Photo from the Library of Congress

A Google alert recently notified our editor of an historic photograph depicting several men sitting around at a farm auction. With input from local historian Dave McWhorter, we learned that the photograph has a much broader significance in American history, due to the subject matter and the photographer himself. Now located in the Library of Congress, this series of photographs depicting life in Ohio towns during the Great Depression was captured by photographer Ben Shahn, who was known for depicting daily life in rural towns.

Shahn was an employee of FDR’s Works Progress Administration (WPA). The WPA was one of many Great Depression relief programs created through the Emergency Relief Appropriations Act, which Roosevelt had signed the month before. The WPA, the Public Works Administration (PWA) and other federal assistance programs put unemployed Americans to work in return for temporary financial assistance. Out of the ten million jobless men in the United States in 1935, three million were helped by WPA jobs alone.

WPA workers built highways, schools, hospitals, airports, playgrounds, and other entertainment venues. They also put actors, writers and other creative arts professionals back to work by sponsoring federally funded plays, art projects, such as murals on public buildings, and literary publications. FDR safeguarded private enterprise from competition with WPA projects by including a provision in the act that placed wage and price controls on federally funded products or services.

Armed with a camera, Shahn traveled across the state with the WPA, and took photographs of seemingly mundane scenes, yet the images’ pure and honest nature reveal a great deal about Ohio’s rural residents as they struggled to rebuild their lives after the end of the Great Depression.

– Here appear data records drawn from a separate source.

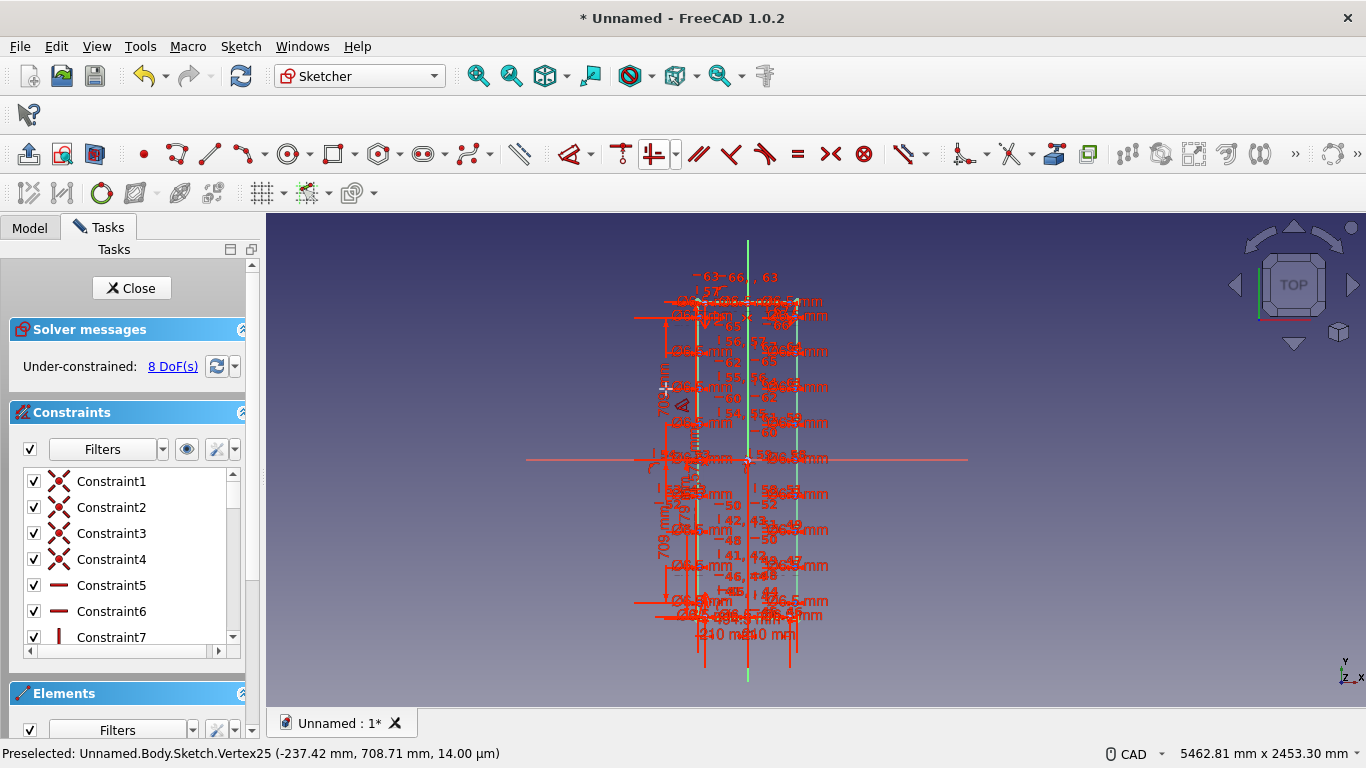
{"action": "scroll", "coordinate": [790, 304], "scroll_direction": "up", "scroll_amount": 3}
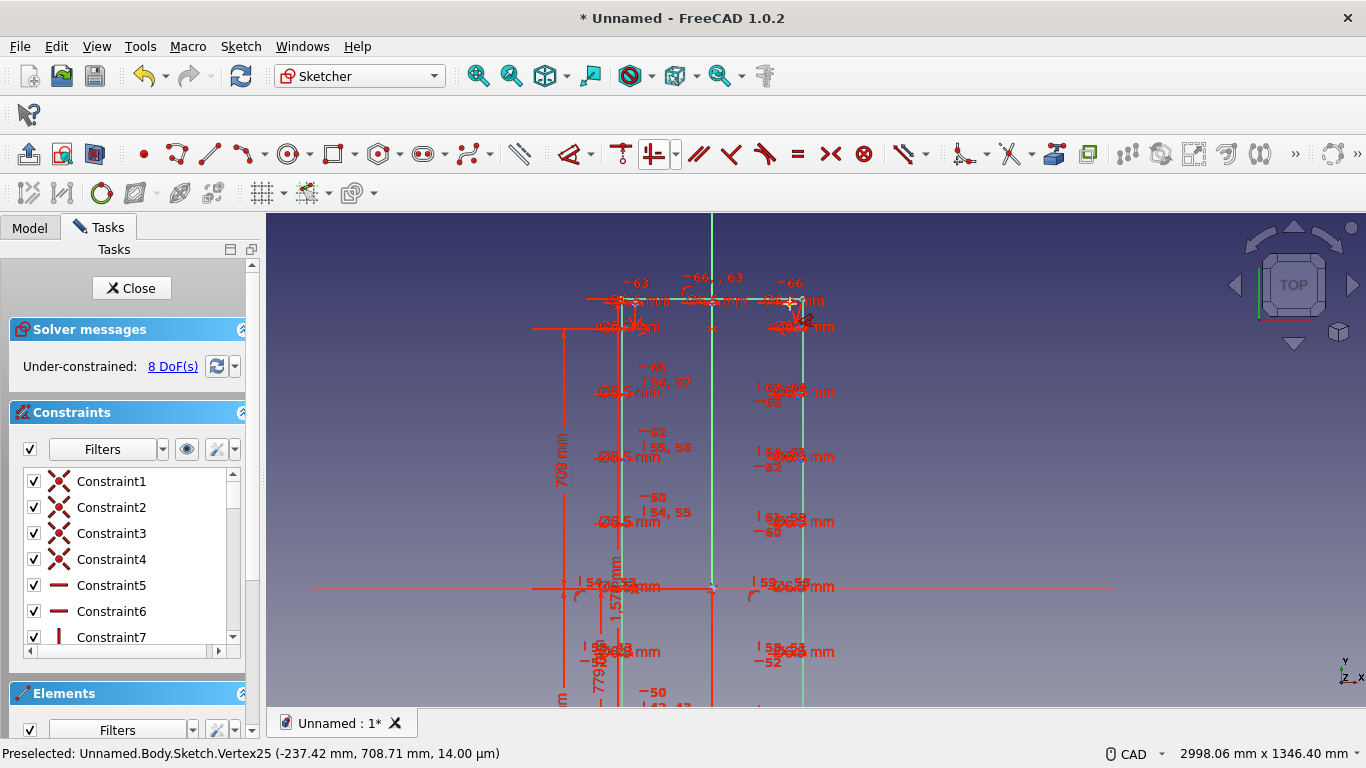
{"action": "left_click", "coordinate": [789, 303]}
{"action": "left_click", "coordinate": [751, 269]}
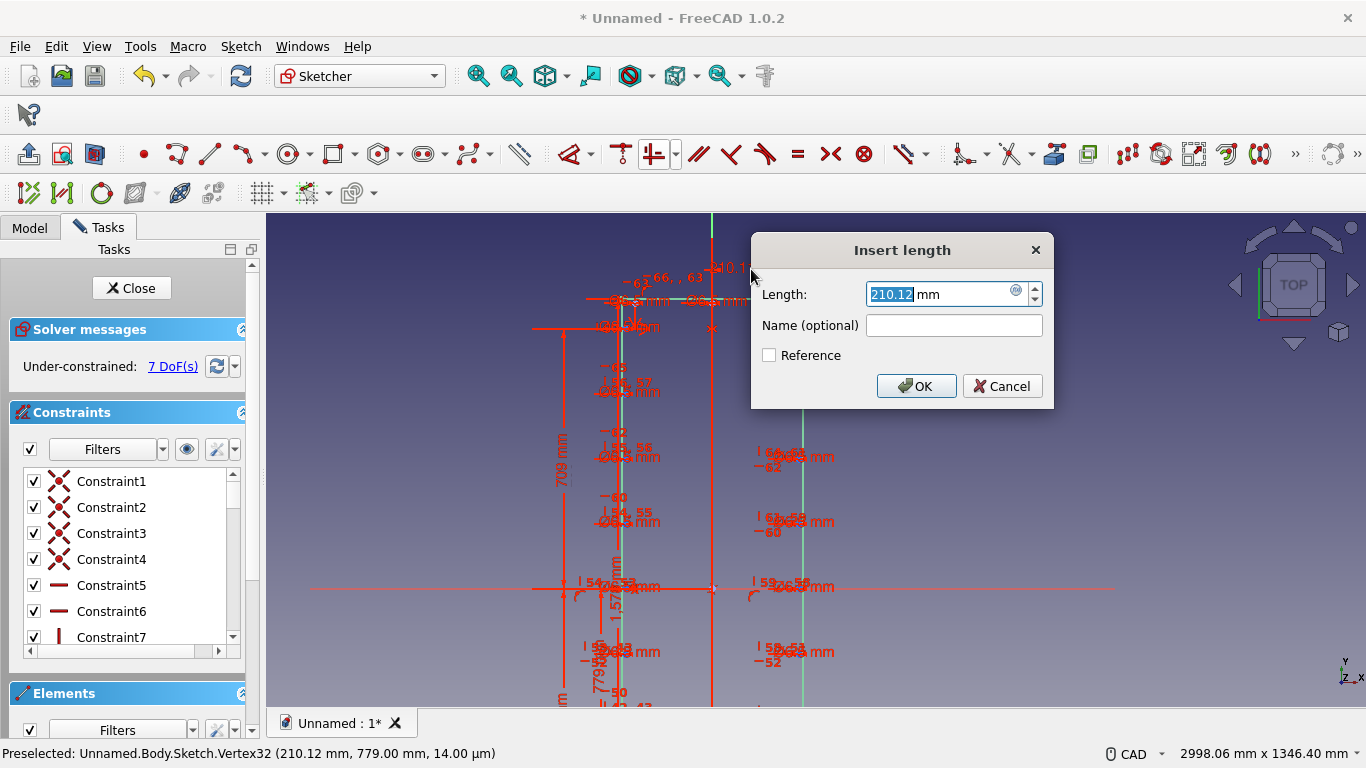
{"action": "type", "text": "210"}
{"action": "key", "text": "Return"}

Shahn was a Lithuanian-born immigrant who settled in Brooklyn, New York with his parents in 1906. There, he began working in lithography and graphic design as a teenager, and later entered the field of photography. His series on California labor leader Tom Mooney earned him recognition from famed painter Diego Rivera, and was asked to assist Rivera while he completed the Rockefeller Center mural..

His photographs from New Carlisle can be found in the Library of Congress’ online records. While the Library lists the photographs of the 1938 farm auction as being taken in New Carlisle, local historian Dave McWhorter believes that they were actually shot in Marysville.

One of the pictures depicts the sign on the front of the property listing it for sale. The sign names the seller as an M.C. Moses, New Carlisle. McWhorter said he first saw Shahn’s photographs of the farm auction several years ago, and began digging into the matter. He believes that M.C. Moses lived in New Carlisle, but said that the photos of the farm auction were likely taken in Marysville, where Moses owned property. He was a former New Carlisle mayor who established connections with the original owners of Silver Lake Beach.

Ruth Cradlebaugh, whose father owner Silver Lake, married Dr. Marion Moses, who was a veterinarian, mayor, flour mill and hardware store owner

During his term as Mayor, Moses freed New Carlisle from debt, and was described as a “stalwart.” The hardware store he owned in New Carlisle was known as “Brubaker and Moses.” The town did nor have a flour mill at the time, and hadn’t seen one in the city for 18 years before Dr. Moses opened the Honey Creek Mill.

Research indicates that Moses may have died in 1958 in Troy, Ohio. He was born in 1885.

McWhorter confirmed his suspicions last Monday at the library, spending hours scouring through old newspaper clippings on microfilm until he found the right one. In an article dated July 21, 1938, it states that the farm was in fact sold in Marysville on July 30, 1938. The six-room house and 135-acre farm was located three and a half miles northwest of Marysville and owned by Dr. M.C. Moses of New Carlisle.

McWhorter joked that perhaps the Library of Congress be informed of their error in labeling the photos as being shot in New Carlisle.